■ **Records supplied**:

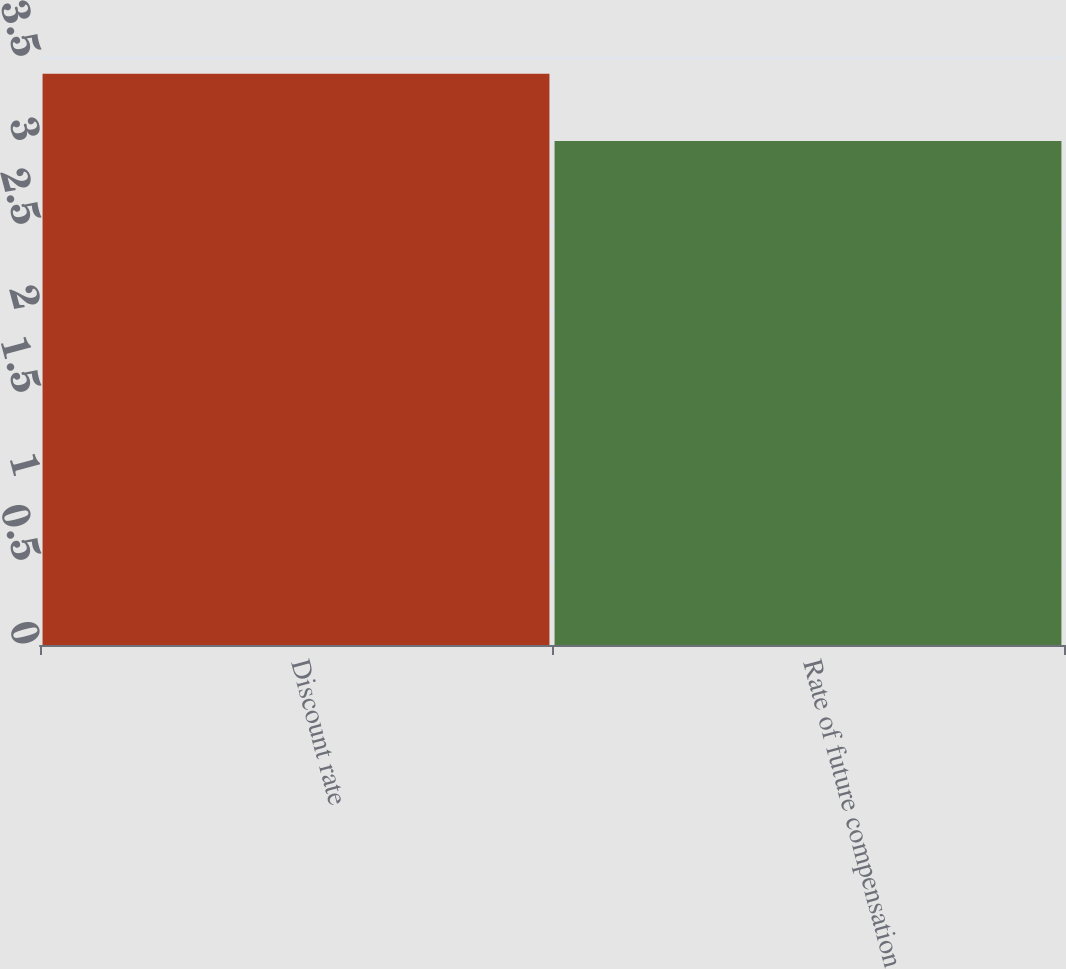Convert chart. <chart><loc_0><loc_0><loc_500><loc_500><bar_chart><fcel>Discount rate<fcel>Rate of future compensation<nl><fcel>3.4<fcel>3<nl></chart> 
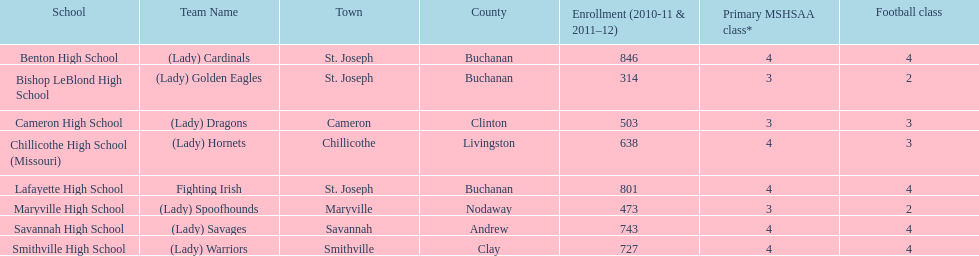What team uses green and grey as colors? Fighting Irish. What is this team called? Lafayette High School. 
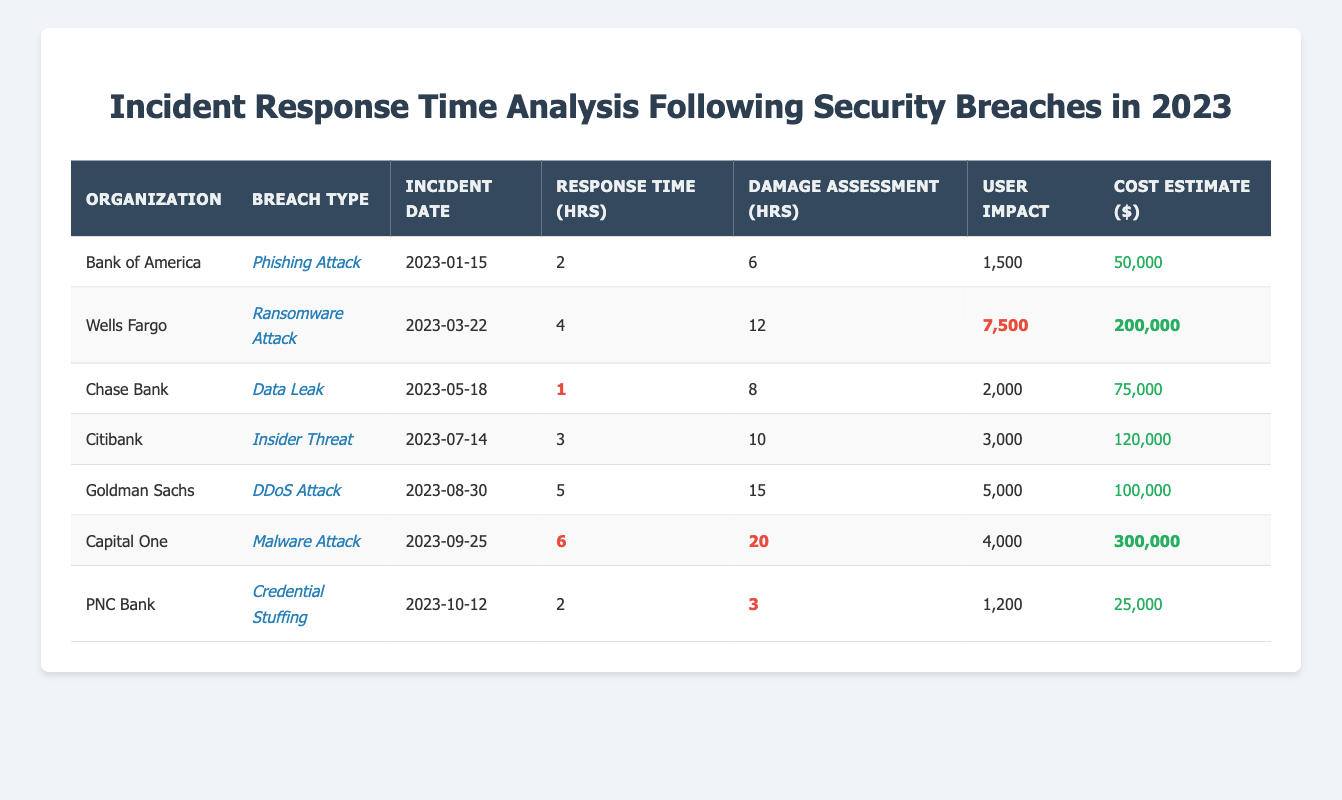What is the response time for the phishing attack at Bank of America? The table shows that the response time for the phishing attack at Bank of America is listed under "Response Time (hrs)" in the corresponding row, which indicates a value of 2 hours.
Answer: 2 hours Which organization experienced the longest damage assessment time, and what was that time? By examining the "Damage Assessment (hrs)" column, I see that Capital One has the highest value of 20 hours listed under its respective row for malware attack.
Answer: Capital One, 20 hours How many users were impacted by the ransomware attack at Wells Fargo? The "User Impact" column for Wells Fargo's row indicates that 7,500 users were affected by the ransomware attack.
Answer: 7,500 users Which breach type had the fastest response time, and what was that time? The table lists the response time for each breach. The fastest is 1 hour for the data leak at Chase Bank, as seen in the "Response Time (hrs)" column.
Answer: Data Leak, 1 hour What is the total estimated cost of the security incidents listed in the table? I add up all the values in the "Cost Estimate ($)" column: 50,000 + 200,000 + 75,000 + 120,000 + 100,000 + 300,000 + 25,000 = 870,000.
Answer: 870,000 dollars Is the user impact higher for the insider threat incident at Citibank compared to the DDoS attack at Goldman Sachs? Comparing the "User Impact" values, Citibank has 3,000 users impacted while Goldman Sachs has 5,000. Therefore, the user impact for the insider threat is lower than for the DDoS attack.
Answer: No What is the average response time across all incidents listed in the table? To find the average response time, I sum the values: 2 + 4 + 1 + 3 + 5 + 6 + 2 = 23. Then I divide by the total number of incidents (7), resulting in an average of 23/7 ≈ 3.29 hours.
Answer: Approximately 3.29 hours Which incident resulted in the highest cost estimate, and what was that cost? Looking at the "Cost Estimate ($)" column, Capital One's malware attack is the highest at 300,000, as indicated in its row.
Answer: Capital One, 300,000 dollars How does the user impact of the phishing attack at Bank of America compare to that of the credential stuffing at PNC Bank? Bank of America shows a user impact of 1,500 while PNC Bank shows an impact of 1,200. Since 1,500 is greater than 1,200, it indicates a higher impact for the phishing attack.
Answer: Higher for Bank of America What is the difference in response time between the ransomware attack at Wells Fargo and the malware attack at Capital One? The response times are 4 hours for Wells Fargo and 6 hours for Capital One. The difference is 6 - 4 = 2 hours.
Answer: 2 hours 
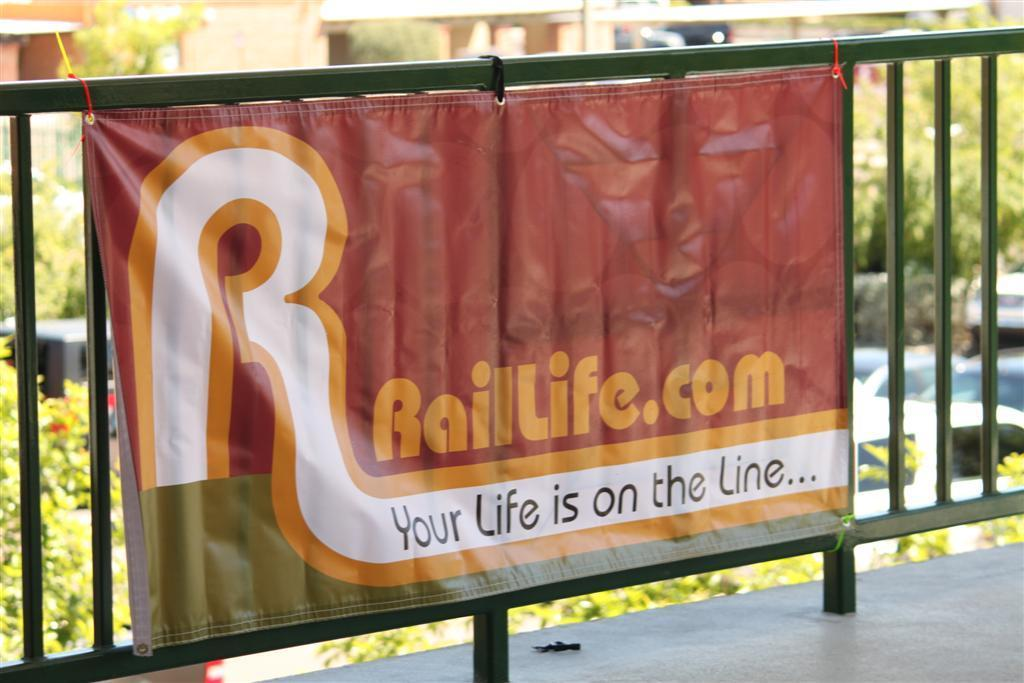<image>
Present a compact description of the photo's key features. A red sign with mostly orange and white text, advertises for RailLife.com. 
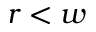<formula> <loc_0><loc_0><loc_500><loc_500>r < w</formula> 
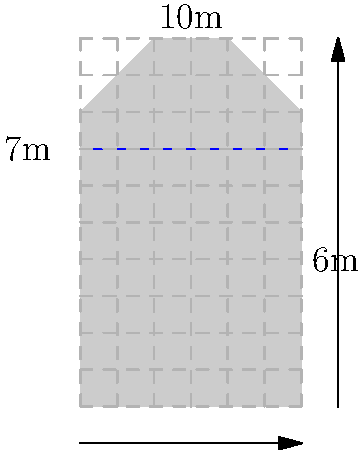In a cinematic exploration of environmental engineering, you're analyzing a scene featuring a dam. The cross-sectional diagram of the dam is shown above. If the water level is at 7 meters and the width of the dam is 6 meters, calculate the volumetric flow rate through the dam if the velocity of water passing through is 0.5 m/s. Assume the dam's length perpendicular to the cross-section is 100 meters. To solve this problem, we'll follow these steps:

1) First, we need to calculate the cross-sectional area of water passing through the dam. From the diagram, we can see that the water forms a rectangle.

2) The height of this rectangle is 7 meters (water level), and the width is 6 meters (width of the dam).

3) The area of this rectangle is:
   $$A = 7 \text{ m} \times 6 \text{ m} = 42 \text{ m}^2$$

4) Now, we need to consider the length of the dam perpendicular to this cross-section, which is given as 100 meters. This forms a volumetric space through which water is flowing.

5) The volumetric flow rate is calculated using the formula:
   $$Q = A \times v$$
   Where:
   $Q$ is the volumetric flow rate
   $A$ is the cross-sectional area
   $v$ is the velocity of water

6) We have:
   $A = 42 \text{ m}^2$
   $v = 0.5 \text{ m/s}$

7) Plugging these into our formula:
   $$Q = 42 \text{ m}^2 \times 0.5 \text{ m/s} = 21 \text{ m}^3/\text{s}$$

Therefore, the volumetric flow rate through the dam is 21 cubic meters per second.
Answer: 21 m³/s 
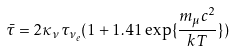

■ **To do**:
Word for word, retype the lines in the entries above that run from the one with "In a cinematic" through the one with "1) First, we". Both ends count; pictures do not.

■ **Exercise output**:
In a cinematic exploration of environmental engineering, you're analyzing a scene featuring a dam. The cross-sectional diagram of the dam is shown above. If the water level is at 7 meters and the width of the dam is 6 meters, calculate the volumetric flow rate through the dam if the velocity of water passing through is 0.5 m/s. Assume the dam's length perpendicular to the cross-section is 100 meters. To solve this problem, we'll follow these steps:

1) First, we need to calculate the cross-sectional area of water passing through the dam. From the diagram, we can see that the water forms a rectangle.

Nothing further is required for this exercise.